Hypergraph Self-supervised Learning with Sampling-efficient Signals

Fan Li,Xiaoyang Wang,Dawei Cheng,Wenjie Zhang,Ying Zhang,Xuemin Lin
2024-04-18
Abstract:Self-supervised learning (SSL) provides a promising alternative for representation learning on hypergraphs without costly labels. However, existing hypergraph SSL models are mostly based on contrastive methods with the instance-level discrimination strategy, suffering from two significant limitations: (1) They select negative samples arbitrarily, which is unreliable in deciding similar and dissimilar pairs, causing training bias. (2) They often require a large number of negative samples, resulting in expensive computational costs. To address the above issues, we propose SE-HSSL, a hypergraph SSL framework with three sampling-efficient self-supervised signals. Specifically, we introduce two sampling-free objectives leveraging the canonical correlation analysis as the node-level and group-level self-supervised signals. Additionally, we develop a novel hierarchical membership-level contrast objective motivated by the cascading overlap relationship in hypergraphs, which can further reduce membership sampling bias and improve the efficiency of sample utilization. Through comprehensive experiments on 7 real-world hypergraphs, we demonstrate the superiority of our approach over the state-of-the-art method in terms of both effectiveness and efficiency.
Machine Learning
What problem does this paper attempt to address?

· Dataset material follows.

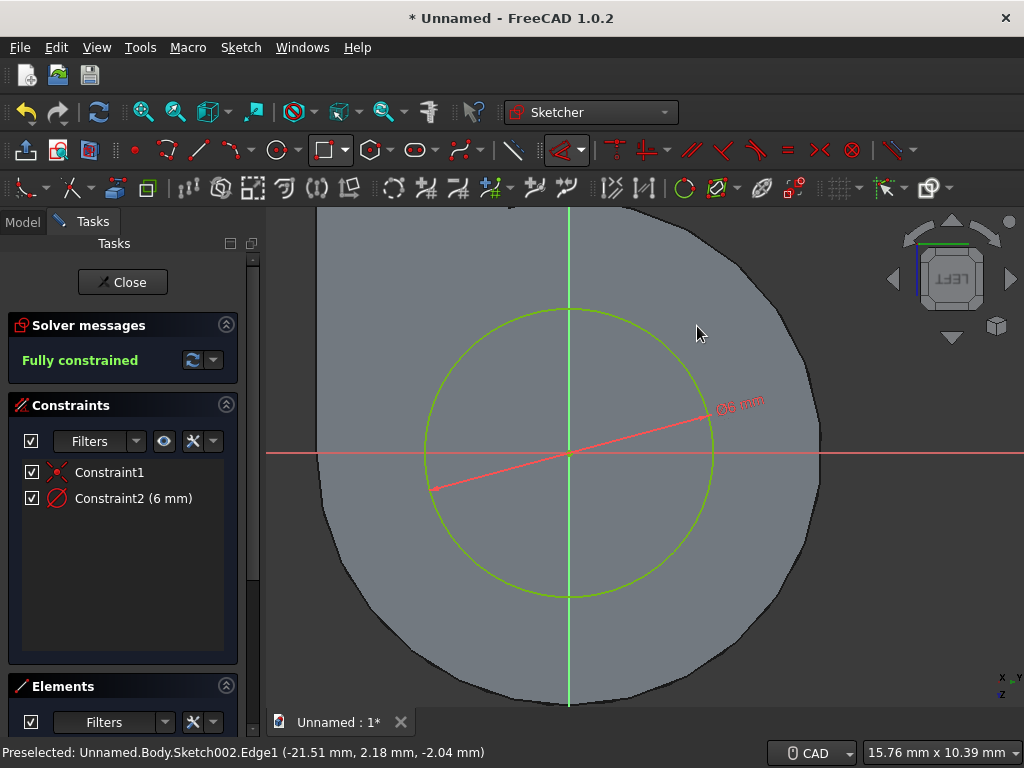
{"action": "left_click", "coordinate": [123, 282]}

### What problems does this paper attempt to solve? This paper aims to solve two key problems in Hypergraph Self - Supervised Learning (HSSL): 1. **Training Bias**: - Most existing hypergraph self - supervised learning models are based on contrastive learning methods and use instance - level discrimination strategies. This method is arbitrary when selecting negative samples, making it difficult to accurately judge similar and dissimilar node pairs or hyper - edge pairs, thus introducing training bias. For example, in a co - author hypergraph, if authors in the same research field but with different cooperation frequencies are regarded as negative samples, the model may learn incorrect representations. 2. **Sampling Inefficiency**: - These models usually require a large number of negative samples to achieve optimal performance, which brings high computational costs, especially when dealing with large - scale hypergraphs. For example, the TriCL method has a time complexity of \(O(|V|\times|E|)\) when calculating the scoring function, where \(|V|\) and \(|E|\) represent the number of nodes and hyper - edges respectively. This complexity greatly limits the training speed. To address these problems, the paper proposes SE - HSSL (Sampling - Efficient Hypergraph Self - Supervised Learning), an efficient hypergraph self - supervised learning framework. SE - HSSL solves the above problems in the following ways: - **Introducing Sampling - Free Self - Supervised Signals**: SE - HSSL introduces node - level and group - level self - supervised signals based on Canonical Correlation Analysis (CCA). These signals do not need to rely on negative samples, thus reducing training bias and improving the discriminability of representations. - **Designing Hierarchical Membership - Level Contrastive Objectives**: SE - HSSL proposes a new hierarchical membership - level contrastive objective, which uses the cascading overlap relationships in hypergraphs to reduce sampling bias in membership - level learning and significantly reduces the number of required negative samples. This not only improves the effectiveness of the model but also its efficiency. Through experiments on 7 real - world hypergraph datasets, the paper proves that SE - HSSL is superior to existing methods in both effectiveness and efficiency.